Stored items
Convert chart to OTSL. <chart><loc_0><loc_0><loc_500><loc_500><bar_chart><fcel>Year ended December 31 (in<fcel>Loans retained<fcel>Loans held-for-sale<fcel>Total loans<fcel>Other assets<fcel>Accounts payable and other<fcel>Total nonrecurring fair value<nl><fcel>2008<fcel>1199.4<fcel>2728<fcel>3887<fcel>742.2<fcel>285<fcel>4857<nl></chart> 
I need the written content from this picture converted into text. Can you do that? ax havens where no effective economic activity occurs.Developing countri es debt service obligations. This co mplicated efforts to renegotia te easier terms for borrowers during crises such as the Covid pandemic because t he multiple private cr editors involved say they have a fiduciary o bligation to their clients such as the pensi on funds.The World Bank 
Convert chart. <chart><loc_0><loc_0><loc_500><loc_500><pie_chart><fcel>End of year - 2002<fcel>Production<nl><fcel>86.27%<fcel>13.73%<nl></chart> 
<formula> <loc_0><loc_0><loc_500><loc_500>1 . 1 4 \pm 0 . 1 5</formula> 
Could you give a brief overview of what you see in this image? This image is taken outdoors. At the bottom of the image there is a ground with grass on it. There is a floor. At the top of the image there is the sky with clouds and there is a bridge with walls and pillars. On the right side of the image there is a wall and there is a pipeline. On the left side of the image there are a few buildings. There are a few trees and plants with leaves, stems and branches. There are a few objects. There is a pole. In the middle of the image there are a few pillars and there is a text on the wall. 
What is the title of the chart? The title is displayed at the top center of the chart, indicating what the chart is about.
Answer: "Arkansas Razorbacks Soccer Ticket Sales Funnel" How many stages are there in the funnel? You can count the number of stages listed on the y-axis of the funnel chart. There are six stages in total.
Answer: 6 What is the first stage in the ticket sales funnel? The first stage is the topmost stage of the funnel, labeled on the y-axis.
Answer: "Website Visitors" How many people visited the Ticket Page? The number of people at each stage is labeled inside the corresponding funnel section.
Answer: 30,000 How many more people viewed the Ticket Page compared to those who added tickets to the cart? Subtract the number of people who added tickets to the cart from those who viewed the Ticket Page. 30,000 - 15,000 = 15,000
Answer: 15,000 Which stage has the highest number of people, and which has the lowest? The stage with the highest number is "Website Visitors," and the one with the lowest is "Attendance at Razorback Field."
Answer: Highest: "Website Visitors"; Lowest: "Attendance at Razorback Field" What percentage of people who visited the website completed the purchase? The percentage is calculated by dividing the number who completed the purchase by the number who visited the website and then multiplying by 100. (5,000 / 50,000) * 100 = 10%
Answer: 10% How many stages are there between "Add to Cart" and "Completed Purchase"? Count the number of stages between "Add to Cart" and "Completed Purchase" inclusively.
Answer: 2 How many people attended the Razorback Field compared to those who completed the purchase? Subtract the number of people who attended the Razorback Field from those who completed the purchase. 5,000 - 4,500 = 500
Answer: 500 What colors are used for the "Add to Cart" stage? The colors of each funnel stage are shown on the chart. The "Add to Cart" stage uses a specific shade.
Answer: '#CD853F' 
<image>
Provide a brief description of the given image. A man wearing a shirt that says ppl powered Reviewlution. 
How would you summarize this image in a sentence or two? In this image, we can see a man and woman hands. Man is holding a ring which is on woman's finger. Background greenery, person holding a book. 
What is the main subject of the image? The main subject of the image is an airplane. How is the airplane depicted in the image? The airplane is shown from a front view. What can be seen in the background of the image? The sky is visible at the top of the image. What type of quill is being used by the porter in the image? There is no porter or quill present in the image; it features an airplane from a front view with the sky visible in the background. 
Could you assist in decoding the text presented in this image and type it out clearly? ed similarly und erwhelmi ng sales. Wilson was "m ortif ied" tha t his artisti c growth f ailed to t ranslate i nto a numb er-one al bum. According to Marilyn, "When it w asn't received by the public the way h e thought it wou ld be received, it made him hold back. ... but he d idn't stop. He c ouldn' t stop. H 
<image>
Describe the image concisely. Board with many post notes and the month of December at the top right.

DESCRIPTION OF THE TASK
Whenever a line of the data includes "Page", copy that line.

SOLUTION FOR THIS TASK
Answer: "Website Visitors" How many people visited the Ticket Page? The number of people at each stage is labeled inside the corresponding funnel section.
Answer: 30,000 How many more people viewed the Ticket Page compared to those who added tickets to the cart? Subtract the number of people who added tickets to the cart from those who viewed the Ticket Page. 30,000 - 15,000 = 15,000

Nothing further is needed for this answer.